If you are comfortable with your operating system, it can be convenient to create a second user account on your machine that has settings configured for recording. If that is not an option, make a check list so you’re always ready to go! 

Tip 3: Learn to Do Post-Production on Screen Captures 

Whether you are using a program like Camtasia (my personal favorite) or Screen Flow Pro (Mac), be sure to take the time to do some basic post-production tasks on your video.

Here are a few things you can do to really help your students: 

  1. Zoom and Pan – If you are demonstrating an application, do not be afraid to zoom in on important items to help viewers focus on the right spots. 
  1. Callouts – Arrows, highlights, circles, popup text, etc. Learn to sprinkle these into your content appropriately as it increases engagement for the user.
  1. Overlays – Overlaying images, diagrams and other visual aids during a demonstration is crucial. Don’t be afraid to display a diagram multiple times during a video to refresh the user. 

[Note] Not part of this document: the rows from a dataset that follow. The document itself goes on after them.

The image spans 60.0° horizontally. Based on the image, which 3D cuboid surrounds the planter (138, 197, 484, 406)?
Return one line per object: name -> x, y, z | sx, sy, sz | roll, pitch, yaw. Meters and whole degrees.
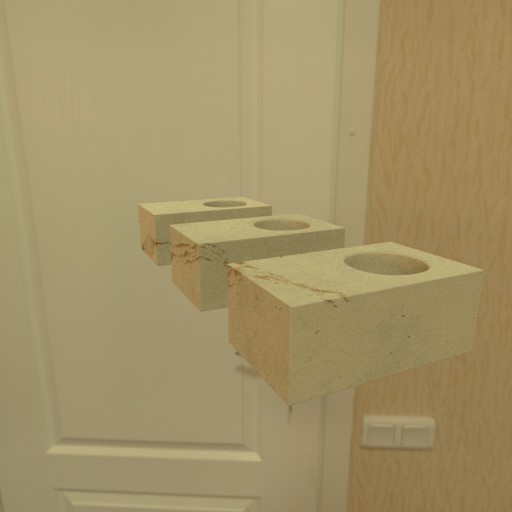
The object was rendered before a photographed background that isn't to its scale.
planter -> 0.000, 0.000, 0.376 | 0.127, 0.051, 0.333 | -7, 17, -25
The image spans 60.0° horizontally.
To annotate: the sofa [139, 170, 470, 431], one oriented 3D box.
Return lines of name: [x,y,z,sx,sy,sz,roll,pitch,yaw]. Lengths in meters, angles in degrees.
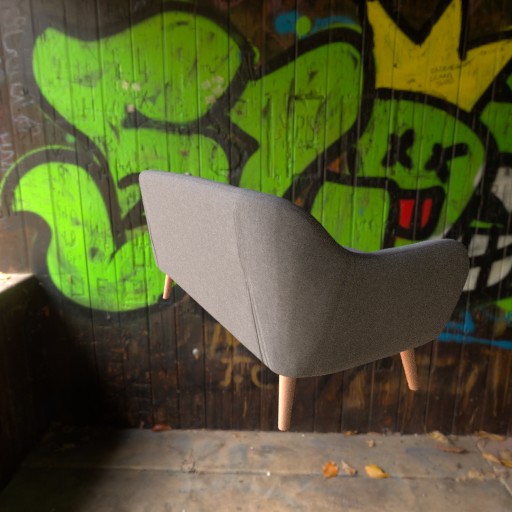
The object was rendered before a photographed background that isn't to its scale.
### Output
sofa: [0.000,0.000,2.184,0.820,0.820,1.840,-7,15,-26]
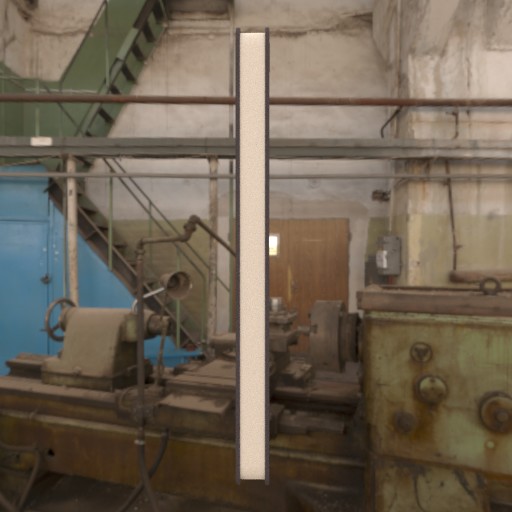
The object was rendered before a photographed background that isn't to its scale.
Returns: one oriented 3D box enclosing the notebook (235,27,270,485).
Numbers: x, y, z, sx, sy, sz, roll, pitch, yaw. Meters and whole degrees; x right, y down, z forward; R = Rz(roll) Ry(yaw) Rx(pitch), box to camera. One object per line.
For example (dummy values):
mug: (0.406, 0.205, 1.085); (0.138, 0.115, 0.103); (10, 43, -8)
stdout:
notebook: (0.000, 0.000, 0.262); (0.016, 0.213, 0.127); (0, 1, 1)

You will find that appropriate use of the above features will greatly increase engagement and the perceived quality of your videos.

Tip 4: Script It, but Don’t Read It

Making a script for a video is a helpful exercise. However, you shouldn’t read the script when you’re recording. Use it as a guideline, but add your own color/ad lib. Let your personality shine through! Show your sense of humor, add interesting stories and examples from your own experiences and try to convey a sense of excitement about the material. 

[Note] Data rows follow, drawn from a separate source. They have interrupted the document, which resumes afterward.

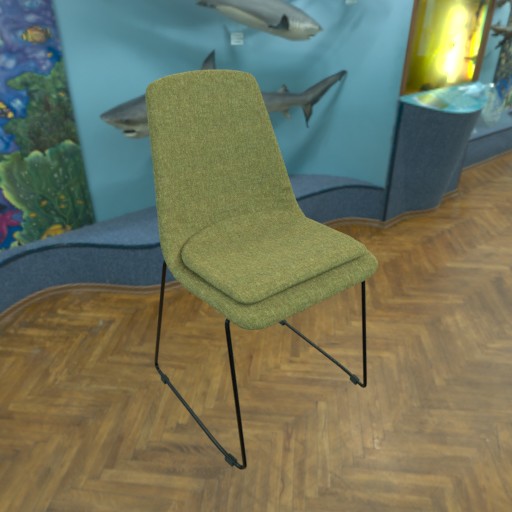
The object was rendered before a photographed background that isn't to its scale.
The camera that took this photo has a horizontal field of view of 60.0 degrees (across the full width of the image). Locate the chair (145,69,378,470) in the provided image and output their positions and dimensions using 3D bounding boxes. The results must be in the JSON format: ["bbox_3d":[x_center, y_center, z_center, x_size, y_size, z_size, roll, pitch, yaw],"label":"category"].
[{"bbox_3d":[0.000,0.000,1.149,0.479,0.849,0.496,-20,36,-32],"label":"chair"}]
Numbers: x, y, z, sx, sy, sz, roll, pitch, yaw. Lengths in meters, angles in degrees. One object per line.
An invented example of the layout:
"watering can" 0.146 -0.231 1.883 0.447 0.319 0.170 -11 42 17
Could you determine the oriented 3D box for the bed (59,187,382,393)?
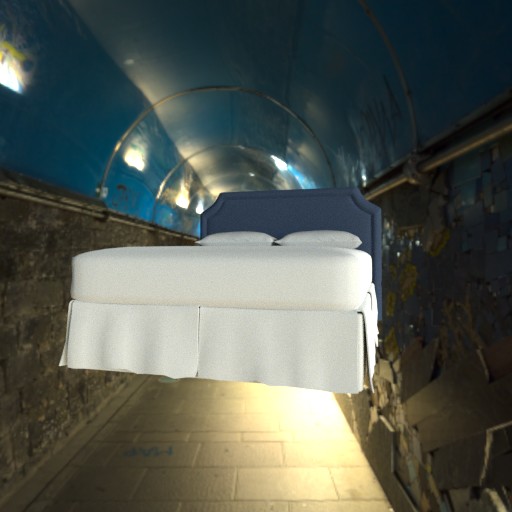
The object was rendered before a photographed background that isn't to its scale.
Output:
"bed" 0.000 0.000 3.367 1.831 1.297 2.260 0 0 16
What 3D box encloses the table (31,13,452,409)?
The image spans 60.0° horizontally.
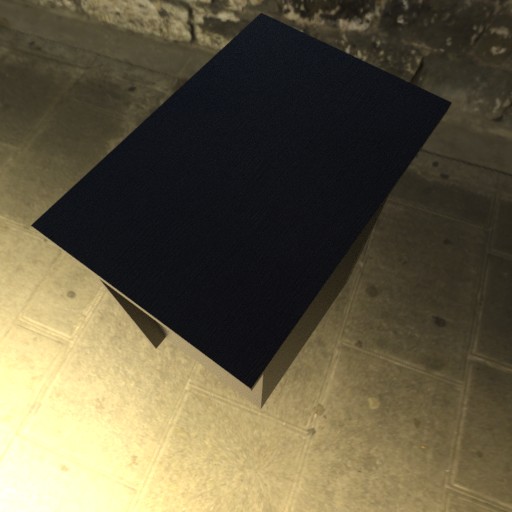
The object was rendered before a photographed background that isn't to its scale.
[{"bbox_3d":[0.000,0.000,1.029,0.408,0.711,0.589,33,68,15],"label":"table"}]
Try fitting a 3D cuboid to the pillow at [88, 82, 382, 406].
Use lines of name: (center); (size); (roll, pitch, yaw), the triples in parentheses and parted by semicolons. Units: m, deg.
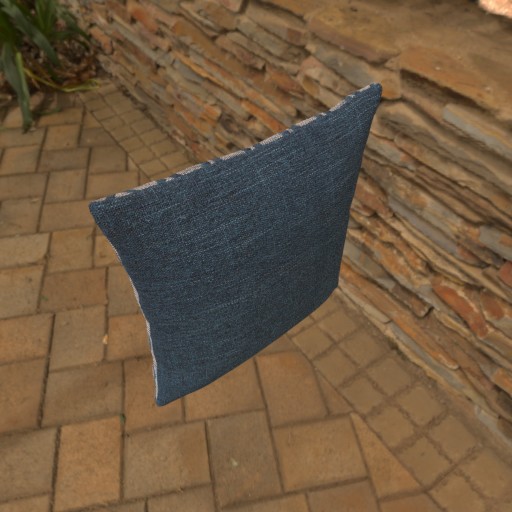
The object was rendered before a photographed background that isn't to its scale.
pillow: (0.000, 0.000, 0.680); (0.435, 0.435, 0.159); (-31, 54, -26)
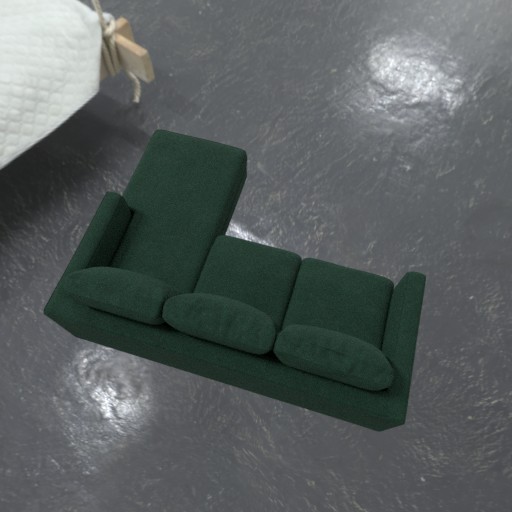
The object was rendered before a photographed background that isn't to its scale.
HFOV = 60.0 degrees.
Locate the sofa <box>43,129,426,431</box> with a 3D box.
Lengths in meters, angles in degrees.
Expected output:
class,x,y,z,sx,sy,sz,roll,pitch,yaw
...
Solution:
class,x,y,z,sx,sy,sz,roll,pitch,yaw
sofa,0.000,0.000,2.869,2.030,0.899,1.580,15,65,7
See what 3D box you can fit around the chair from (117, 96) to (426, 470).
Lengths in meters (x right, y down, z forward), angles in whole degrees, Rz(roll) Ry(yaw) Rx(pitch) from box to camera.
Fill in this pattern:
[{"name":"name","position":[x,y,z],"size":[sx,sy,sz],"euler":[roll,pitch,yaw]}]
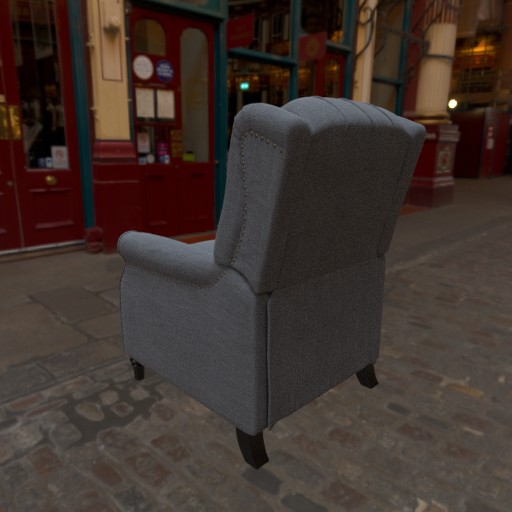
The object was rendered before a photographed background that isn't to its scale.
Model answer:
[{"name":"chair","position":[0.000,0.000,1.602],"size":[0.742,1.035,0.898],"euler":[-14,20,-43]}]
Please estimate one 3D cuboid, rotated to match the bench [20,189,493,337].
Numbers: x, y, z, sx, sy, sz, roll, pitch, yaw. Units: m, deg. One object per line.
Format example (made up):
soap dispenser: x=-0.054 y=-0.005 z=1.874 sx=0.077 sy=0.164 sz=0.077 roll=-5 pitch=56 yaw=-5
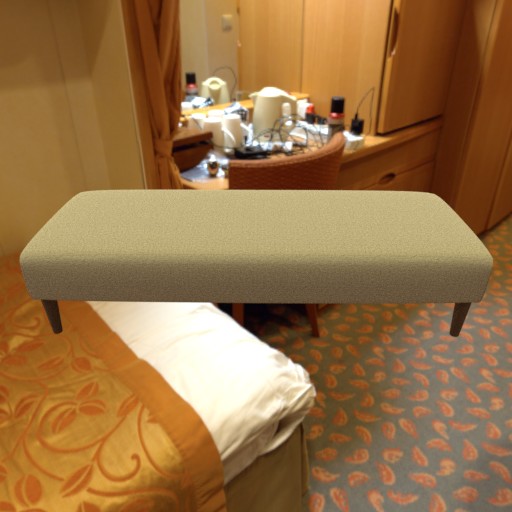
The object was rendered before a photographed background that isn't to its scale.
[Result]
bench: x=0.000 y=0.000 z=1.805 sx=1.598 sy=0.383 sz=0.631 roll=0 pitch=30 yaw=1

It is obvious to the listener when untrained educators read from scripts. It takes practice to become skilled at delivering content, and it will require many sessions before you get into he right rhythm. The average viewer would rather listen to a natural speaker, even if you miss a minor point or two during the delivery, than hear someone obviously reading from a script and giving a dry delivery.

…but what about those minor points? That brings us to our next tip. 

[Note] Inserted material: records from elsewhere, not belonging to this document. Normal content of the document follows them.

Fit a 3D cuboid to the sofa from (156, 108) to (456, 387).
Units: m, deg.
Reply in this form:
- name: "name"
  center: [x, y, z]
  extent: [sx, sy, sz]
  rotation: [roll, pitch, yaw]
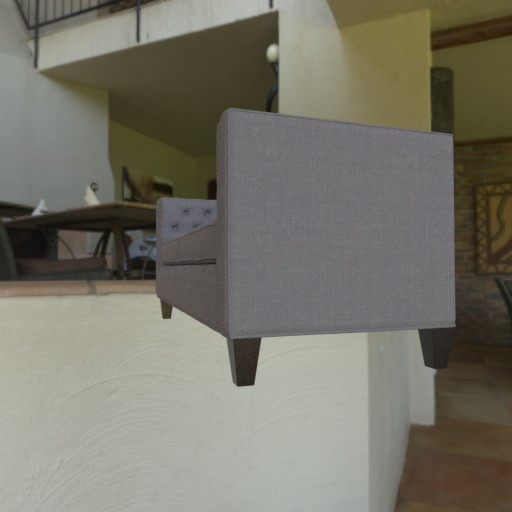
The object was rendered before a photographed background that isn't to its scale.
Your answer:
- name: "sofa"
  center: [0.000, 0.000, 2.144]
  extent: [0.775, 0.762, 1.778]
  rotation: [0, -2, -19]
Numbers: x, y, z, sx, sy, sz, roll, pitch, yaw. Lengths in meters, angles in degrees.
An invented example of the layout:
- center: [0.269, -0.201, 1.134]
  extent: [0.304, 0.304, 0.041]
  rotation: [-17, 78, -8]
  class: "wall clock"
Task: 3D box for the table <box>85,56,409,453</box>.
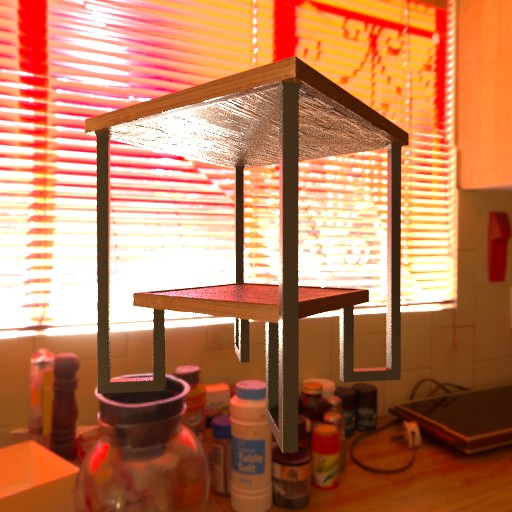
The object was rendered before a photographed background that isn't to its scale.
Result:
- center: [0.000, 0.000, 0.965]
  extent: [0.503, 0.563, 0.503]
  rotation: [0, 1, 36]
  class: "table"
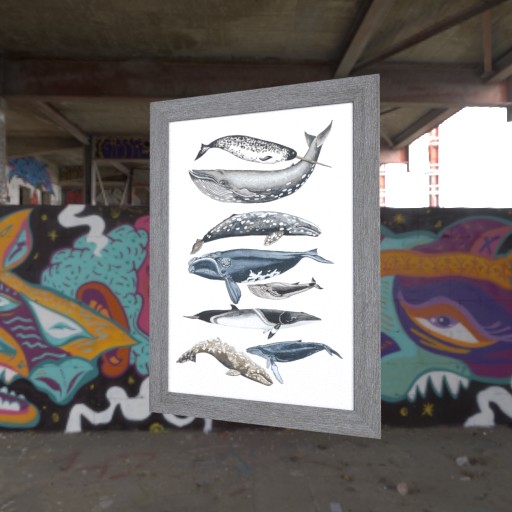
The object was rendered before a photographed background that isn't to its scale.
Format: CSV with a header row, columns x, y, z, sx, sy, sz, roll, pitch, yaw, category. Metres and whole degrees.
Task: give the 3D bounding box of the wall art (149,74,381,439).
x,y,z,sx,sy,sz,roll,pitch,yaw,category
0.000,0.000,1.425,0.768,1.070,0.020,0,-1,18,wall art
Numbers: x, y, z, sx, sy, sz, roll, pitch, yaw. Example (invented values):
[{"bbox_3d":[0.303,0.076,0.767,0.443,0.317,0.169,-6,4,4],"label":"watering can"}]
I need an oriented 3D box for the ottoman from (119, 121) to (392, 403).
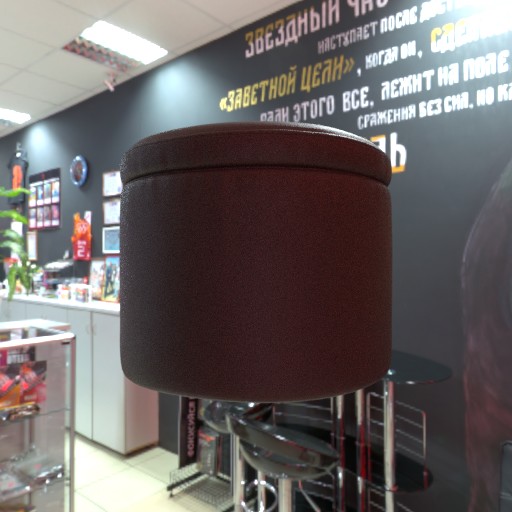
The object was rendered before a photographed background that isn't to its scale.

Tip 5: Add Written Content and Reflection Exercises 

Video content simply is not enough. There are many different learning styles out there. Too many online courses consist of authors speaking over PowerPoint slides and simply providing those slides to the learners. This is rarely enough to truly educate the listener. In general, videos should be used to introduce content, provide high-level overviews and demonstrate techniques. Written content should dive into the details, provide concrete examples and opportunities for reflection exercises. 

Reflection is a key part of the learning process. Students should be encouraged to examine what they learned in the context of what they already know and reflect on ways they can apply this new knowledge to their goals. It also is a great checkpoint for an instructor to see whether the learner can reflect back the information in their own words or if they are parroting the information back (usually a sign of not understanding the learning objective.) 

Tip 6: Chunking Content 

In online learning, people rarely have the stamina to go hours at a time. Especially, when it comes to passive activities like watching videos. In general, try to keep your videos in the seven to ten minute range and for longer content blocks, break up the videos with exercises or written content so the learner isn’t staring down the chasm of watching two straight hours of talking head. Finding the right mix of content types and pacing is an art and requires getting feedback from the student population. 

Tip 7: Eliminate the Cruft 

Videos are typically not a place for asides. You need to be hyper-focused on what the learning goal of the video is and ruthlessly prune any content that is not directly related to that goal. That means removing any “nice-to-know” information or content that lead to tangents. If you want to go on a tangent, provide some additional, supplemental content that is separate from the lesson and clearly mark it as supplemental.